Wenn über Asylsuchende berichtet wird, kommen die Asylsuchenden höchst selten zu Wort. Sie müssen sich meist damit begnügen, Anlass und Gegenstand der medialen Aufmerksamkeit zu sein.
Entsprechend wird auch meistens aus der Perspektive von uns Einheimischen erzählt und argumentiert. Für einmal wird hier die Sicht auf das scheinbar Gewöhnliche verändert.
Was gefällt Asylsuchenden am Alltag in der Schweiz? Was macht ihnen Eindruck? Was freut sie? Mit diesen Fragen im Gepäck besuchten wir die Konversationsklasse Deutsch für Asylsuchende vom Netzwerk Aargau in Nussbaumen.
Gegen 30 Asylsuchende besuchen jeweils am Mittwochnachmittag den Unterricht bei Isabella Günthardt. Der Deutschkurs ist freiwillig. Deutschlehrerin Isabella Günthardt arbeitet ehrenamtlich.
Ihre Schülerinnen und Schüler kommen aus rund einem Dutzend verschiedener Länder, alle mit ihren eigenen Geschichten in ihren eigenen Sprachen. Wenn sie sich verständigen wollen, ist es am einfachsten, wenn sie dies in ihrer neuen Sprache tun, die sie hier am Lernen sind: auf Deutsch.
Die Kenntnisse sind höchst unterschiedlich; einige könne sich schon recht gewandt ausdrücken, für andere scheint die deutsche Sprache noch für einige Zeit ein Mysterium zu bleiben.
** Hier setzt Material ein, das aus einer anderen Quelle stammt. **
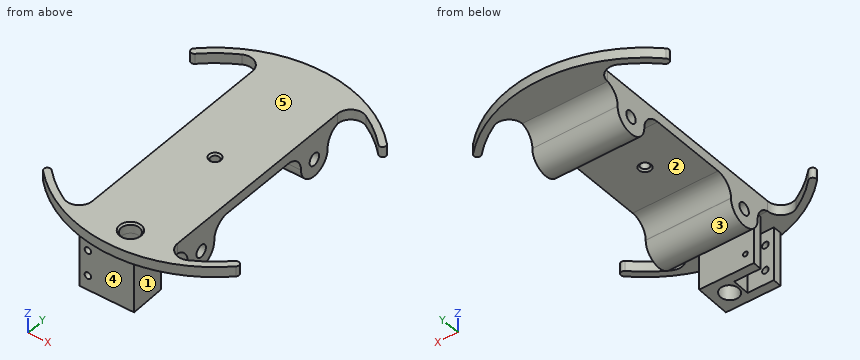
```python
from build123d import *

# Parameters (mm, degrees)
MAIN_BODY_DEPTH                 = 3.81
BOSSES_FOR_SCREWS_DEPTH         = 31.75
F_8_CLEARANCE_HOLE_FOR_SCREWS_D = 4.4958
SWITCH_HOLDER_BODY_REACH        = 65.711
SKETCH19_R                      = 3.3782
F_1_4_QR_PIN_HOLE_D             = 6.7564
F_1_4_QR_PIN_HOLE_CSINK_D       = 8.0264
F_1_4_QR_PIN_HOLE_CSINK_ANGLE   = 90
SKETCH25_R                      = 1.862
PLUNGER_HOLE_DEPTH              = 2.54
SKETCH33_W                      = 6.4
SKETCH33_H                      = 6.4
SWITCH_BODY_CLEARANCE_DEPTH     = 0.65024
F_2_CLEARANCE_HOLE1_D           = 2.4384
F_2_CLEARANCE_HOLE1_DEPTH       = 3.175
TAP_DRILL_FOR_2_56_TAP1_D       = 1.778
TAP_DRILL_FOR_2_56_TAP1_DEPTH   = 12.7


with BuildPart() as part:
    # Sketch3 → Main Body (new body)
    with BuildSketch(Plane.XY):
        with BuildLine():
            Line((-15.875, -38.1), (-15.875, 38.1))
            ThreePointArc((-15.875, 38.1), (-18.260491841, 42.291797068), (-23.082694008, 42.38179842))
            ThreePointArc((-23.082694008, 42.38179842), (-28.900226452, 38.649767283), (-34.12497326, 34.12497326))
            ThreePointArc((-34.12497326, 34.12497326), (-35.921024484, 34.12497326), (-35.921024484, 35.921024484))
            ThreePointArc((-35.921024484, 35.921024484), (0, 50.8), (35.921024484, 35.921024484))
            ThreePointArc((35.921024484, 35.921024484), (35.921024484, 34.12497326), (34.12497326, 34.12497326))
            ThreePointArc((34.12497326, 34.12497326), (28.900226452, 38.649767283), (23.082694008, 42.38179842))
            ThreePointArc((23.082694008, 42.38179842), (18.260491841, 42.291797068), (15.875, 38.1))
            Line((15.875, 38.1), (15.875, -38.1))
            ThreePointArc((15.875, -38.1), (18.260491841, -42.291797068), (23.082694008, -42.38179842))
            ThreePointArc((23.082694008, -42.38179842), (28.900226452, -38.649767283), (34.12497326, -34.12497326))
            ThreePointArc((34.12497326, -34.12497326), (35.921024484, -34.12497326), (35.921024484, -35.921024484))
            ThreePointArc((35.921024484, -35.921024484), (0, -50.8), (-35.921024484, -35.921024484))
            ThreePointArc((-35.921024484, -35.921024484), (-35.921024484, -34.12497326), (-34.12497326, -34.12497326))
            ThreePointArc((-34.12497326, -34.12497326), (-28.900226452, -38.649767283), (-23.082694008, -42.38179842))
            ThreePointArc((-23.082694008, -42.38179842), (-18.260491841, -42.291797068), (-15.875, -38.1))
        make_face()
    extrude(amount=MAIN_BODY_DEPTH)

    # Sketch5 → Bosses for screws (add)
    with BuildSketch(Plane(origin=(15.875, 0, 0), x_dir=(0, 0, -1), z_dir=(1, 0, 0))):
        with BuildLine():
            Line((0, 38.1), (0, 26.99385))
            Line((0, 26.99385), (0, 14.29385))
            ThreePointArc((0, 14.29385), (1.86498297, 18.77886703), (6.35, 20.64385))
            ThreePointArc((6.35, 20.64385), (12.699998494, 26.998224058), (6.341251887, 33.343843974))
            ThreePointArc((6.341251887, 33.343843974), (2.338844583, 34.612930799), (0, 38.1))
        make_face()
        with BuildLine():
            ThreePointArc((6.261703048, -20.644463916), (1.864650947, -18.840779739), (0, -14.469233029))
            Line((0, -14.469233029), (0, -26.99385))
            Line((0, -26.99385), (0, -38.1))
            ThreePointArc((0, -38.1), (2.217611083, -34.670801888), (6.077775616, -33.338012189))
            ThreePointArc((6.077775616, -33.338012189), (6.213919542, -33.33945129), (6.35, -33.34385))
            ThreePointArc((6.35, -33.34385), (12.7, -26.99385), (6.35, -20.64385))
            ThreePointArc((6.35, -20.64385), (6.305852606, -20.644312569), (6.261703048, -20.644463916))
        make_face()
    extrude(amount=-BOSSES_FOR_SCREWS_DEPTH)

    # #8 Clearance Hole for screws (through all)
    with Locations(Plane(origin=(15.875, 0, 0), x_dir=(0, 0, -1), z_dir=(1, 0, 0))):
        with Locations((6.35, 26.99385), (6.35, -26.893399733)):
            Hole(F_8_CLEARANCE_HOLE_FOR_SCREWS_D / 2)

    # Sketch10 → 1/8 (0.125) Diameter let down hole (revolve, cut)
    with BuildSketch(Plane.YZ):
        Polygon((0, 0), (0, 3.81), (2.2225, 3.81), (1.5875, 3.175), (1.5875, 0.635), (2.2225, 0), align=None)
    revolve(axis=Axis((0, 0, -6.35), (0, 0, 1)), mode=Mode.SUBTRACT)

    # Switch holder body: up to this plane
    switch_holder_body_end = Plane(origin=(-3.297630422, -38.686979812, -19.719207275), z_dir=(0.008390733100517729, 0.03489949670250099, -0.9993556027400597))
    # Sketch19 → Switch holder body (add, up to the surface)
    with BuildSketch(Plane(origin=(0, 0, 0), x_dir=(-1, 0, 0), z_dir=(0, 0, -1)), mode=Mode.PRIVATE) as switch_holder_body_sk1:
        Polygon((12.7, -38.735), (2.921, -38.735), (2.921, -45.085), (12.7, -45.085), (12.7, -48.26), (-7.62, -48.26), (-7.62, -35.56), (12.7, -35.56), align=None)
        with Locations(Location((-1.27, -41.91, 0), (0, 0, 103.518789087))):
            Circle(SKETCH19_R, mode=Mode.SUBTRACT)
    switch_holder_body_tool1 = split(extrude(switch_holder_body_sk1.sketch, amount=SWITCH_HOLDER_BODY_REACH, mode=Mode.PRIVATE), bisect_by=switch_holder_body_end, keep=Keep.BOTH, mode=Mode.PRIVATE)
    add(switch_holder_body_tool1.solids().sort_by_distance((-7.8105, -38.495377, 0))[0])

    # 1/4 QR pin hole (through all)
    with Locations(Plane.XY.offset(3.81)):
        with Locations((1.27, -41.91)):
            CounterSinkHole(F_1_4_QR_PIN_HOLE_D / 2, F_1_4_QR_PIN_HOLE_CSINK_D / 2, counter_sink_angle=F_1_4_QR_PIN_HOLE_CSINK_ANGLE)

    # Sketch25 → plunger hole (cut)
    with BuildSketch(Plane.ZY.offset(2.921)):
        with Locations(Location((-7.285, -41.935, 0), (0, 0, 270))):
            Circle(SKETCH25_R)
    extrude(amount=-PLUNGER_HOLE_DEPTH, mode=Mode.SUBTRACT)

    # Sketch33 → switch body clearance (cut)
    with BuildSketch(Plane.ZY.offset(2.921)):
        with Locations((-7.285, -41.935)):
            Rectangle(SKETCH33_W, SKETCH33_H)
    extrude(amount=-SWITCH_BODY_CLEARANCE_DEPTH, mode=Mode.SUBTRACT)

    # #2 Clearance Hole1
    with Locations(Plane(origin=(0, -48.26, 0), x_dir=(-1, 0, 0), z_dir=(0, -1, 0))):
        with Locations((9.571, 14.7), (9.571, 5.2)):
            Hole(F_2_CLEARANCE_HOLE1_D / 2, depth=F_2_CLEARANCE_HOLE1_DEPTH)

    # Tap Drill for #2-56 Tap1
    with Locations(Plane(origin=(0, -48.26, 0), x_dir=(-1, 0, 0), z_dir=(0, -1, 0))):
        with Locations((9.571, 14.7), (9.571, 5.2)):
            Hole(TAP_DRILL_FOR_2_56_TAP1_D / 2, depth=TAP_DRILL_FOR_2_56_TAP1_DEPTH)


solid = part.part
```
CAD build for the part. Positions are in the model's coordinates, mm. Face numbers are marked on the shaded views. A direction names the side the tool comes from. Give positions to 0.01 mm unless a question says otherwise; leave off trailing zeros. Order: outer loops, then holes, each group sorted by start corner. A loop starts at its lowest first (then second) coordinate and runs counter-clockwise, first axis right, second up.
(1) Drill centre lines: L1, parallel to Y at x = -11, z = -17 (3 decimals); L2, parallel to Y at x = -4, z = -3 (3 decimals); L3, parallel to Y at x = 1, z = -17.5. Where is each one in solid material? Low to high.
(2) Mould opens along Y. For the marked faces 3, 4 and 5 say: released by +Y, released by -Y, zero draft, split by the parting line, or undercut.
(3) Tool access for the marked faces 1 and 2: list every direction of +Z, -Z, +X, -X, +Y, -Y with a clear straight run to the whole face (end or side of a thin tool).
(4) Saw through at D-D, the plane x = -18.5. Give the cut face in (y, z).
(5) Flat gauge pins, fed straight in: pin 1 (5 mm diameter, centred on y = -40.5, z = -7.5, fed in from -X); pin 2 (9 mm diameter, centred on x = -6, z = -14, fed in from +Y); pin 3 (12 mm diameter, centred on x = 19, z = 0, fed in from +Y). Where does each tip first touch, or does it go through?
(6) Saw through at A-A, the plane x = -26.5. Give the cut face in (y, z).
(7) Saw through at C-C, the plane y = -10. Give the cut face in (x, z) (3 decimals).
(8) Saw through at B-B, the plane x = 0. State how many separate pieces and enclosed holes the cut face has, then the cut area to 3 significant figures.
Results found:
1. L1: y = -48.26 to -45.085, -38.735 to -35.56
1. L2: y = -48.26 to -45.085, -38.735 to -35.56, -34.148 to -19.728, 19.681 to 34.179
1. L3: y = -48.26 to -45.28, -38.54 to -35.56
2. face 3: undercut
2. face 4: released by -Y
2. face 5: zero draft
3. face 1: -Z, +X, -Y
3. face 2: -Z, +X, -X
4. outline: (-47.31, 0) - (-42.43, 0) - (-42.43, 3.81) - (-47.31, 3.81) - close; (42.43, 0) - (47.31, 0) - (47.31, 3.81) - (42.43, 3.81) - close
5. pin 1: stops at x = -12.7
5. pin 2: stops at y = 32.51
5. pin 3: stops at y = 49.11
6. outline: (-43.34, 0) - (-40.33, 0) - (-40.33, 3.81) - (-43.34, 3.81) - close; (40.33, 0) - (43.34, 0) - (43.34, 3.81) - (40.33, 3.81) - close
7. outline: (-15.875, 0) - (15.875, 0) - (15.875, 3.81) - (-15.875, 3.81) - close
8. separate pieces: 3
8. enclosed holes: 2
8. area: 764 mm2
Can you work these out from the model? Positions are in its coordinate system, mm. A direction names the side the tool comes from. Coordinates: 2 decimals unless noted, no trailing zeros. Order: outer loops, then holes, each group sorted by start corner. A loop starts at its lowest first (then second) coordinate and runs counter-clockwise, first axis right, second up. Notation, with made-up numbers: (71.25, 84.5) -> (96.25, 84.5) arc R21 cw to (96.25, 119.5) -> close; hole circle Ø9 at (-34.5, 2). An arc over 180 degrees is marked (long way). Answer in a Markdown table with one row per item.
```python
from build123d import *

# Parameters (mm, degrees)
F0_R      = 3.17
F0_R_2    = 1.57
F1_DEPTH  = 9.2
F2_R      = 6.07
F2_R_2    = 3.17
F3_DEPTH  = 2.7
F5_DEPTH  = 4
F6_R      = 19.8
F6_R_2    = 12.1
F7_DEPTH  = 8.5
F8_DEPTH  = 4.7
F9_R      = 3.1620005376
F10_DEPTH = 8.5
F11_DEPTH = 3


with BuildPart() as f1:
    # F0 (on Front) → F1 (new body)
    with BuildSketch(Plane.XZ):
        with Locations((-14.4947133958, -5.8518843725)):
            Circle(F0_R)
        with Locations((-14.4947133958, -5.8518843725)):
            Circle(F0_R_2, mode=Mode.SUBTRACT)
    extrude(amount=F1_DEPTH)

    # F8 (add): a face of the model
    f8_faces = [f1.faces().sort_by_distance(p)[0] for p in [
        (-17.575052256, 0, -5.8518843725),
    ]]
    extrude(f8_faces, amount=F8_DEPTH)

    # F9 (on face) → F10 (join, through all)
    with BuildSketch(Plane.XZ.offset(9.2)):
        with Locations((-14.4947133958, -5.8518843725)):
            Circle(F9_R)
    extrude(amount=F10_DEPTH)

    # F11 (add): a face of the model
    f11_faces = [f1.faces().sort_by_distance(p)[0] for p in [
        (-14.4947133958, -17.7, -5.8518843725),
    ]]


with BuildPart() as f3:
    # F2 (on face) → F3 (new body)
    with BuildSketch(Plane.XZ.offset(9.2)):
        with Locations((-14.4947133958, -5.8518843725)):
            Circle(F2_R)
        with Locations((-14.4947133958, -5.8518843725)):
            Circle(F2_R_2, mode=Mode.SUBTRACT)
    extrude(amount=-F3_DEPTH)


with BuildPart() as f5:
    # F4 (on face) → F5 (new body)
    with BuildSketch(Plane.XZ.offset(9.2)):
        with BuildLine():
            Line((-15.9479831574, 6.2612492848), (-15.9479831574, 0.0415787011))
            ThreePointArc((-15.9479831574, 0.0415787011), (-14.5494593079, 0.2178687431), (-13.1479831574, 0.0668331967))
            Line((-13.1479831574, 0.0668331967), (-13.1479831574, 6.2735565541))
            ThreePointArc((-13.1479831574, 6.2735565541), (-14.5483374083, 6.3479977771), (-15.9479831574, 6.2612492848))
        make_face()
    extrude(amount=-F5_DEPTH)


with BuildPart() as f5b:
    # F4 (on face) → F5, piece 2 (new body)
    with BuildSketch(Plane.XZ.offset(9.2)):
        with BuildLine():
            ThreePointArc((-9.3973258546, -2.5561992761), (-10.3108067194, -1.4541775926), (-11.4569494327, -0.5967069155))
            Line((-11.4569494327, -0.5967069155), (-11.6216113174, -0.7184141217))
            ThreePointArc((-11.6216113174, -0.7184141217), (-10.465246014, -1.5657876648), (-9.5481790309, -2.6676999957))
            Line((-9.5481790309, -2.6676999957), (-9.3973258546, -2.5561992761))
        make_face()
        with BuildLine():
            Line((-6.3175093497, 3.2020282617), (-11.4569494327, -0.5967069155))
            ThreePointArc((-11.4569494327, -0.5967069155), (-10.3108067194, -1.4541775926), (-9.3973258546, -2.5561992761))
            Line((-9.3973258546, -2.5561992761), (-4.4629317782, 1.0909794152))
            ThreePointArc((-4.4629317782, 1.0909794152), (-5.3292389654, 2.200076784), (-6.3175093497, 3.2020282617))
        make_face()
    extrude(amount=-F5_DEPTH)


with BuildPart() as f5c:
    # F4 (on face) → F5, piece 3 (new body)
    with BuildSketch(Plane.XZ.offset(9.2)):
        with BuildLine():
            ThreePointArc((-9.0762949538, -8.5878744286), (-9.8553405144, -9.7661045078), (-10.8856064508, -10.7323809722))
            Line((-10.8856064508, -10.7323809722), (-5.8464618601, -14.4569843356))
            ThreePointArc((-5.8464618601, -14.4569843356), (-4.9156940174, -13.4071730995), (-4.1116102126, -12.2574419818))
            Line((-4.1116102126, -12.2574419818), (-9.0762949538, -8.5878744286))
        make_face()
        with BuildLine():
            Line((-11.0433104475, -10.6158165779), (-10.8856064508, -10.7323809722))
            ThreePointArc((-10.8856064508, -10.7323809722), (-9.8553405144, -9.7661045078), (-9.0762949538, -8.5878744286))
            Line((-9.0762949538, -8.5878744286), (-9.2290879071, -8.4749399537))
            ThreePointArc((-9.2290879071, -8.4749399537), (-10.0066754756, -9.6551392938), (-11.0433104475, -10.6158165779))
        make_face()
    extrude(amount=-F5_DEPTH)


with BuildPart() as f5d:
    # F4 (on face) → F5, piece 4 (new body)
    with BuildSketch(Plane.XZ.offset(9.2)):
        with BuildLine():
            ThreePointArc((-13.1479831574, -11.7706019418), (-14.5494593079, -11.9216374882), (-15.9479831574, -11.7453474462))
            Line((-15.9479831574, -11.7453474462), (-15.9479831574, -17.9650180299))
            ThreePointArc((-15.9479831574, -17.9650180299), (-14.5483374083, -18.0517665222), (-13.1479831574, -17.9773252992))
            Line((-13.1479831574, -17.9773252992), (-13.1479831574, -11.7706019418))
        make_face()
    extrude(amount=-F5_DEPTH)


with BuildPart() as f5e:
    # F4 (on face) → F5, piece 5 (new body)
    with BuildSketch(Plane.XZ.offset(9.2)):
        with BuildLine():
            Line((-18.7000286708, -1.4746451241), (-23.6647134121, 2.1949224291))
            ThreePointArc((-23.6647134121, 2.1949224291), (-24.5279332831, 1.0889007916), (-25.2584622432, -0.1089138213))
            Line((-25.2584622432, -0.1089138213), (-20.2193176525, -3.8335171848))
            ThreePointArc((-20.2193176525, -3.8335171848), (-19.5978393815, -2.5650918366), (-18.7000286708, -1.4746451241))
        make_face()
    extrude(amount=-F5_DEPTH)


with BuildPart() as f5f:
    # F4 (on face) → F5, piece 6 (new body)
    with BuildSketch(Plane.XZ.offset(9.2)):
        with BuildLine():
            ThreePointArc((-19.1409038648, -9.7580095787), (-19.9264174704, -8.5614029362), (-20.4098807653, -7.214123335))
            Line((-20.4098807653, -7.214123335), (-25.5493208484, -11.0128585122))
            ThreePointArc((-25.5493208484, -11.0128585122), (-24.8814163191, -12.2516033027), (-24.0752979412, -13.4051882701))
            Line((-24.0752979412, -13.4051882701), (-19.1409038648, -9.7580095787))
        make_face()
        with BuildLine():
            Line((-20.2452188807, -7.0924161289), (-20.4098807653, -7.214123335))
            ThreePointArc((-20.4098807653, -7.214123335), (-19.9264174704, -8.5614029362), (-19.1409038648, -9.7580095787))
            Line((-19.1409038648, -9.7580095787), (-18.9900506885, -9.6465088591))
            ThreePointArc((-18.9900506885, -9.6465088591), (-19.774407608, -8.4465060011), (-20.2452188807, -7.0924161289))
        make_face()
    extrude(amount=-F5_DEPTH)


with BuildPart() as f7:
    # F6 (on face) → F7 (new body, symmetric)
    with BuildSketch(Plane.XZ.offset(9.2)):
        with Locations((-14.4947133958, -5.8518843725)):
            Circle(F6_R)
        with Locations((-14.4947133958, -5.8518843725)):
            Circle(F6_R_2, mode=Mode.SUBTRACT)
    extrude(amount=F7_DEPTH, both=True)


with BuildPart() as f1_1:
    add(f1.part)

    add(f3.part)  # F11 merges F3

    add(f5.part)  # F11 merges F5

    add(f5b.part)  # F11 merges F5b

    add(f5c.part)  # F11 merges F5c

    add(f5d.part)  # F11 merges F5d

    add(f5e.part)  # F11 merges F5e

    add(f5f.part)  # F11 merges F5f

    add(f7.part)  # F11 merges F7
    extrude(f11_faces, amount=-F11_DEPTH)


solid = f1_1.part
```
(1) Suppose I cut it at D-D (y = -8.25). Please give me the cut outline in (x, z).
Response values:
| item | result |
|---|---|
| outline | circle Ø39.6 at (-14.49, -5.85); hole (-25.47, -10.95) -> (-20.41, -7.21) arc R6.07 cw to (-20.22, -3.83) -> (-25.18, -0.17) arc R12.1 ccw to start; hole (-23.99, -13.35) arc R12.1 ccw to (-15.95, -17.86) -> (-15.95, -11.75) arc R6.07 cw to (-19.14, -9.76) -> close; hole (-23.58, 2.14) -> (-18.7, -1.47) arc R6.07 cw to (-15.95, 0.04) -> (-15.95, 6.16) arc R12.1 ccw to start; hole circle Ø3.14 at (-14.49, -5.85); hole (-13.15, -17.88) arc R12.1 ccw to (-5.93, -14.4) -> (-10.89, -10.73) arc R6.07 cw to (-13.15, -11.77) -> close; hole (-13.15, 0.07) arc R6.07 cw to (-11.46, -0.6) -> (-6.4, 3.14) arc R12.1 ccw to (-13.15, 6.17) -> close; hole (-9.4, -2.56) arc R6.07 cw to (-9.08, -8.59) -> (-4.19, -12.2) arc R12.1 ccw to (-4.54, 1.03) -> close |
(2) We'd pull the mould along Z, two halves only. Please class faces 1 (the flat face through (-15, -9.2, -6)), 2 (the flat face through (-15.948, -7, -15)), 3 (the flat face through (-16, 4.7, -7)): +Z half, -Z half, draft (parallel to the pull), parting line (faces both ways), or undercut.
Response values:
| item | result |
|---|---|
| face 1 | undercut |
| face 2 | undercut |
| face 3 | draft |
(3) Will these pins go through, and if not, where does the flat tip stop? pin 1 Ø20 at (x, z) = (-24, -13.5) entering from +Y; pin 2 Ø10 at (x, z) = (-27, -9.5) entering from +Y; pin 3 Ø3 at (y, z) = (-7.5, 3.5) entering from +X; pin 4 Ø2 at (y, z) = (-7, -15) entering from -X.
Response values:
| item | result |
|---|---|
| pin 1 | y = 4.7 |
| pin 2 | y = -0.7 |
| pin 3 | x = 3.68 |
| pin 4 | x = -32.54 |
(4) On a 3-axis mill with a long thin cutter (end or side, diameter ignored), from which of +Z, -Z, +X, -X, +Y, -Y can I reach the whole of each face in a straight line? I mean faces 4 (the cylindrical face through (-10.48, -5.86, -1.55)), 5 (the flat face through (-15.948, -7, 3)), 6 (the flat face through (-15, -17.7, -6)), 7 (the flat face through (-16.5, -9.2, -8.5)). Say none if no direction works.
Response values:
| item | result |
|---|---|
| face 4 | +Y |
| face 5 | +Y, -Y |
| face 6 | +Z, -Z, +X, -X, -Y |
| face 7 | -Y |
(5) Suppose I cut it at C-C (z = 4). Please give me the cut outline in (x, y).
Response values:
| item | result |
|---|---|
| outline | (-31.67, -17.7) -> (-21.52, -17.7) -> (-21.52, -0.7) -> (-31.67, -0.7) -> close; (-15.95, -9.2) -> (-13.15, -9.2) -> (-13.15, -5.2) -> (-15.95, -5.2) -> close; (-7.47, -17.7) -> (2.68, -17.7) -> (2.68, -0.7) -> (-7.47, -0.7) -> close |
(6) Suppose I cut it at A-A (y = -6). Please give me the cut outline in (x, z).
Response values:
| item | result |
|---|---|
| outline | circle Ø39.6 at (-14.49, -5.85); circle Ø6.34 at (-14.49, -5.85); hole (-25.47, -10.95) -> (-20.25, -7.09) arc R5.88 ccw to (-18.99, -9.65) -> (-23.99, -13.35) arc R12.1 ccw to (-15.95, -17.86) -> (-15.95, -11.75) arc R6.07 ccw to (-13.15, -11.77) -> (-13.15, -17.88) arc R12.1 ccw to (-5.93, -14.4) -> (-11.04, -10.62) arc R5.88 ccw to (-9.23, -8.47) -> (-4.19, -12.2) arc R12.1 ccw to (-4.54, 1.03) -> (-9.55, -2.67) arc R5.88 ccw to (-11.62, -0.72) -> (-6.4, 3.14) arc R12.1 ccw to (-13.15, 6.17) -> (-13.15, 0.07) arc R6.07 ccw to (-15.95, 0.04) -> (-15.95, 6.16) arc R12.1 ccw to (-23.58, 2.14) -> (-18.7, -1.47) arc R6.07 ccw to (-20.22, -3.83) -> (-25.18, -0.17) arc R12.1 ccw to start; hole circle Ø3.14 at (-14.49, -5.85) |
(7) Suppose I cut it at B-B (x = -22). Please give me the cut outline in (y, z), and give its area (3 significant figures).
Response values:
| item | result |
|---|---|
| outline | (-17.7, -24.17) -> (-0.7, -24.17) -> (-0.7, -15.34) -> (-17.7, -15.34) -> close; (-17.7, 3.64) -> (-0.7, 3.64) -> (-0.7, 12.47) -> (-17.7, 12.47) -> close; (-9.2, -11.87) -> (-5.2, -11.87) -> (-5.2, -8.39) -> (-9.2, -8.39) -> close; (-9.2, -2.52) -> (-5.2, -2.52) -> (-5.2, 0.96) -> (-9.2, 0.96) -> close |
| area | 328 mm2 |
(8) I need wall thicknesses on line 1 (X direction, y = -15, z = -3); line 2 (X direction, y = -13.5, z = -5.5); line 3 (Y direction, x = -12.5, z = 11). Which ranges of each line are inside material? Lowest first, please. Write a range as [from, to].
Response values:
| item | result |
|---|---|
| line 1 | [-34.09, -26.25], [-15.86, -13.13], [-2.74, 5.1] |
| line 2 | [-34.29, -26.59], [-17.64, -11.35], [-2.4, 5.3] |
| line 3 | [-17.7, -0.7] |
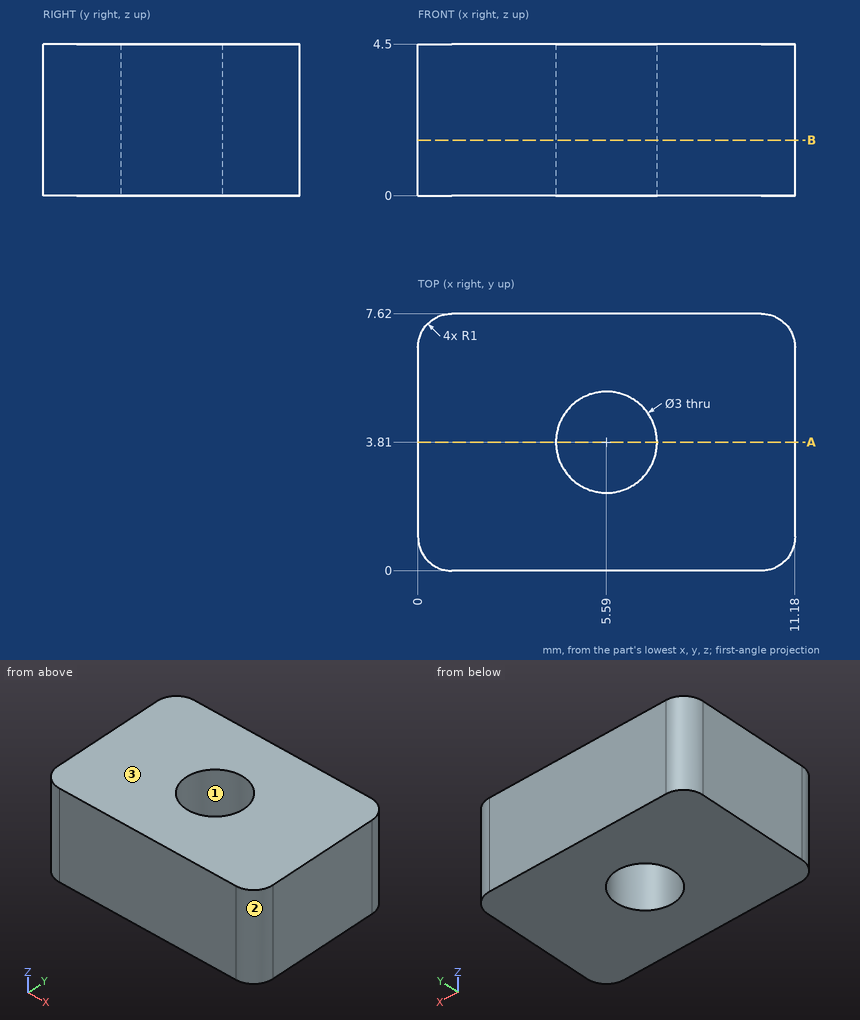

Die unterschiedlichen Niveaus sind aber kein Hinderungsgrund für einen attraktiven Unterricht; Es wird geschrieben und diskutiert und gelacht – und wenn das richtige Wort sich partout nicht finden lässt, wird das Handy zur Übersetzungshilfe.
Zehn Asylsuchende aus der Klasse haben sich schliesslich bereit erklärt, am kleinen Schreibprojekt mitzumachen. Sie erhielten den Auftrag, eine Besonderheit, die ihnen in der Schweiz aufgefallen ist und die ihnen Eindruck macht, kurz zu beschreiben und mit einem Handyfoto zu illustrieren. Mit grossem Einsatz gingen die Teilnehmenden ans Werk und sie brachten völlig individuelle Antworten zurück.
Die Ergebnisse findest du in der obigen Bildergalerie, die Texte wurden moderat redigiert. Die Fotos sind von unterschiedlicher Qualität, aber höchst überraschend.
Überraschend war auch, wie von den Asylsuchenden vieles, was für uns selbstverständlich und alltäglich ist, als aussergewöhnlich wahrgenommen wird. Dass man sich hier frei bewegen kann, dass die Züge pünktlich abfahren, dass man keine Bettler sieht.
Mag sein, dass die Berichte der Asylsuchenden uns auch wieder etwas bewusster machen, dass unser gesicherter Alltag keine Selbstverständlichkeit ist.
Nur wenige der teilnehmenden Flüchtlinge waren bereit, sich fotografieren zu lassen. Zu sehr schwingt noch die Furcht mit, dass das Bild in die ursprüngliche Heimat gelangen könnte und deshalb die zurückgelassenen Familienangehörigen Repressionen ausgesetzt würden. Man einigte sich auch darauf, aus Sicherheitsgründen nur den Vornamen und das Herkunftsland zu nennen.